Beyond that, he has not yet articulated a vision for the country. If we can grow our productivity, he says, we'll grow our wealth, and that will allow everyone to become more prosperous.
That's not saying much. Growing productivity has been the stated goal of almost every government we've ever had, but it hardly ever happens. Luxon hasn't told us how he'll suddenly be the one to make a difference.
Still, his shadow cabinet and caucus line-up offer a few clues.
In Simon Bridges, he chose a competent senior politician to run finance and infrastructure. But productivity goals also make major demands on other portfolios, especially education, technology, Māori-Crown relations and the troika of transport, agriculture and climate change.

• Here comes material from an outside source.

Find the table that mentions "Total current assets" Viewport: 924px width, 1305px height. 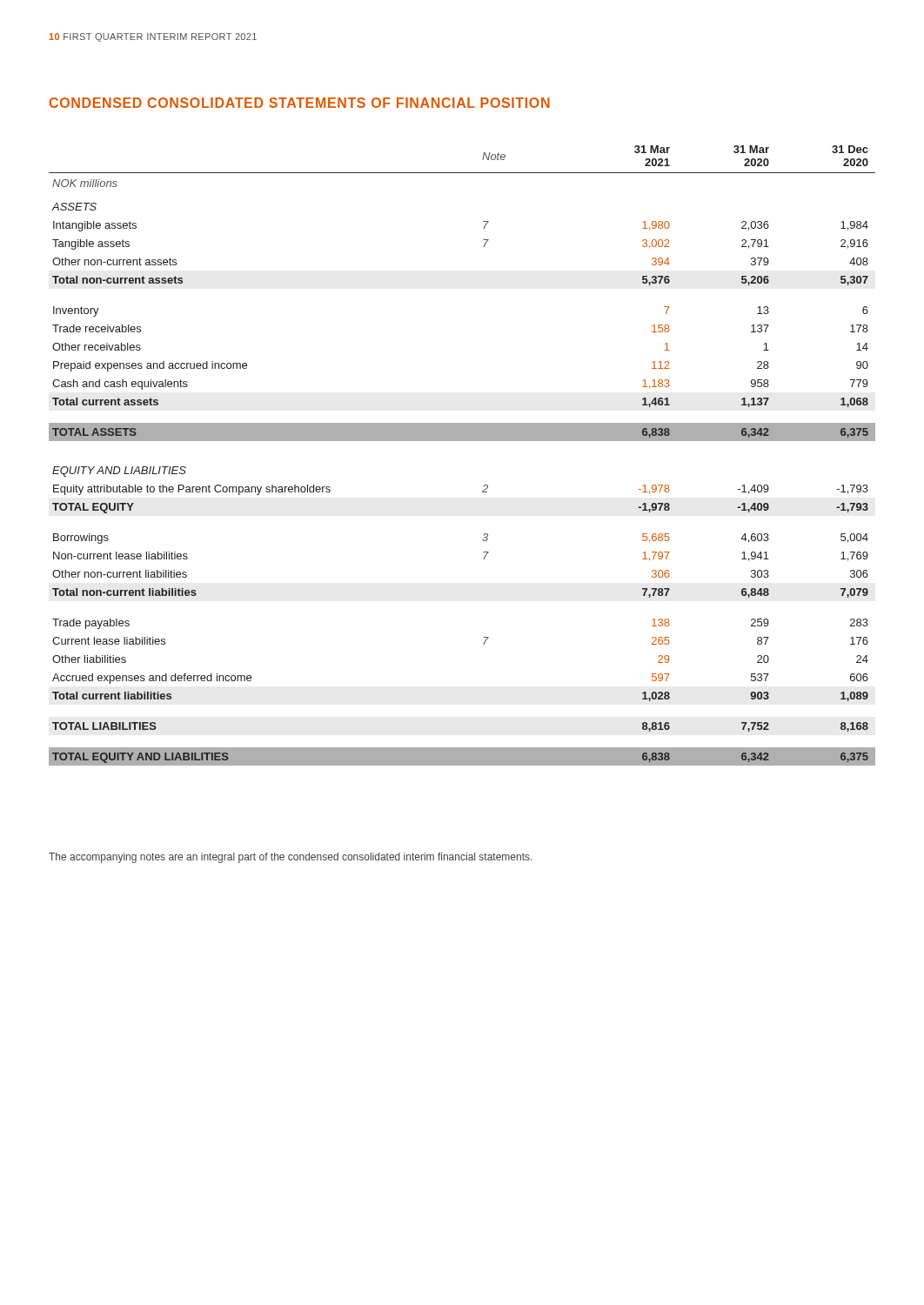coord(462,452)
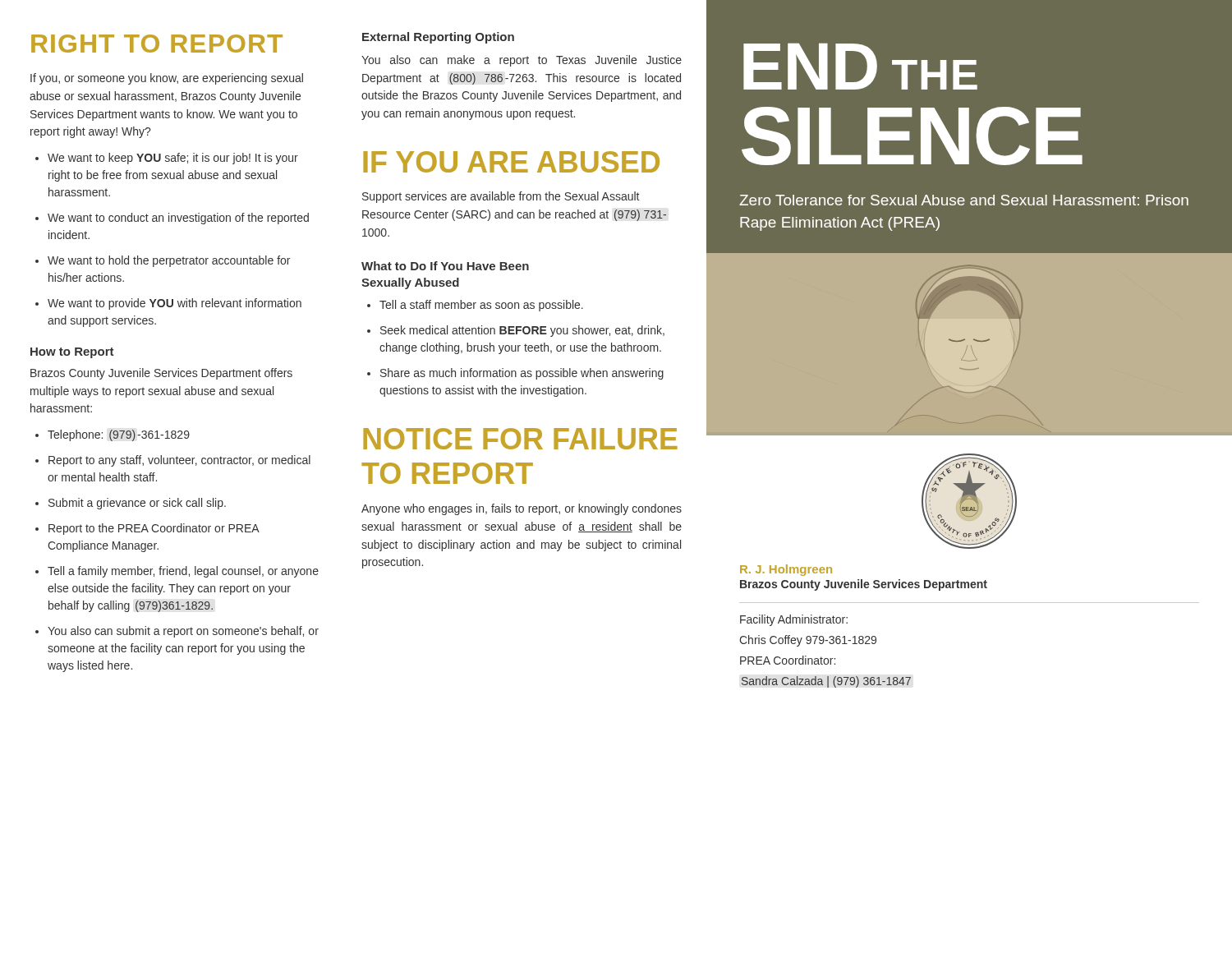
Task: Navigate to the text starting "If you, or someone"
Action: tap(175, 106)

Erica Stanford takes education from Paul Goldsmith and moves to the front bench. That's smart: she's a strong performer and won't be content just echoing Goldsmith's kneejerk opposition to everything that happens.
Judith Collins has research, science and technology. Tech is her thing, sort of. She campaigned hard on it in the 2020 election, although her conversation with IT people relied heavily on, "My son tells me ..." Not quite the language of someone who knows the field.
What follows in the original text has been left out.